Wells has contributed to periodicals including Books in Canada, Quill & Quire and Maisonneuve. His first chapbook of poems, Fool's Errand, was published in 2004 as well as his full-length collection of Arctic poems, Unsettled.

In 2006, Wells became the Reviews Editor for Canadian Notes & Queries. In 2007, he published Sealift, a CD recording of 24 poems from Unsettled; "Achromatope," a letterpress broadside; and After the Blizzard, a limited edition chapbook. In the spring of 2008, Jailbreaks, his anthology of Canadian sonnets, was published. Anything But Hank!, the children's book he co-wrote with Lebowitz, with illustrations by Eric Orchard, was published in the fall. In 2009, Wells published Track & Trace, his second trade collection of poems, with illustrations by renowned graphic artist Seth. Track & Trace was shortlisted for the 2010 Atlantic Poetry Prize.

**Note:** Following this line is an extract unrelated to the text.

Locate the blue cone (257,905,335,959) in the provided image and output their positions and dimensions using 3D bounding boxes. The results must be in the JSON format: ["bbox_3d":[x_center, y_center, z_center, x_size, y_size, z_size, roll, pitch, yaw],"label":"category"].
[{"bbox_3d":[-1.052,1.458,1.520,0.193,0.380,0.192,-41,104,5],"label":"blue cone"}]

In 2010, he published The Essential Kenneth Leslie, the first collection of Leslie's poems to be published since 1972.

==Bibliography==
- Fool's Errand (chapbook), Charlottetown: Saturday Morning Chapbooks, 2004
- Unsettled (trade paperback), Toronto: Insomiac Press, 2004
- Ludicrous Parole (chapbook), Montreal: Mercutio Press, 2005
- Huginn & Muninn (lithographed broadside, in collaboration with Margaret Flood), Halifax: privately printed, 2005.
- Sealift (audio CD), Vancouver: Avatar Records, 2007.
- Achromatope (letterpress broadside), Victoria: Frog Hollow Press, 2007.
- After the Blizzard (chapbook), Peterborough: Littlefishcart Press, 2008.
- Jailbreaks: 99 Canadian Sonnets (anthology, as editor) Emeryville: Biblioasis, 2008.
- Anything But Hank! (children's book, co-written with Rachel Lebowitz, illustrated by Eric Orchard) Emeryville: Biblioasis, 2008.
- Track & Trace (trade paperback), Emeryville: Biblioasis, 2009.
- The Essential Kenneth Leslie (as editor) Erin: The Porcupine's Quill, 2010.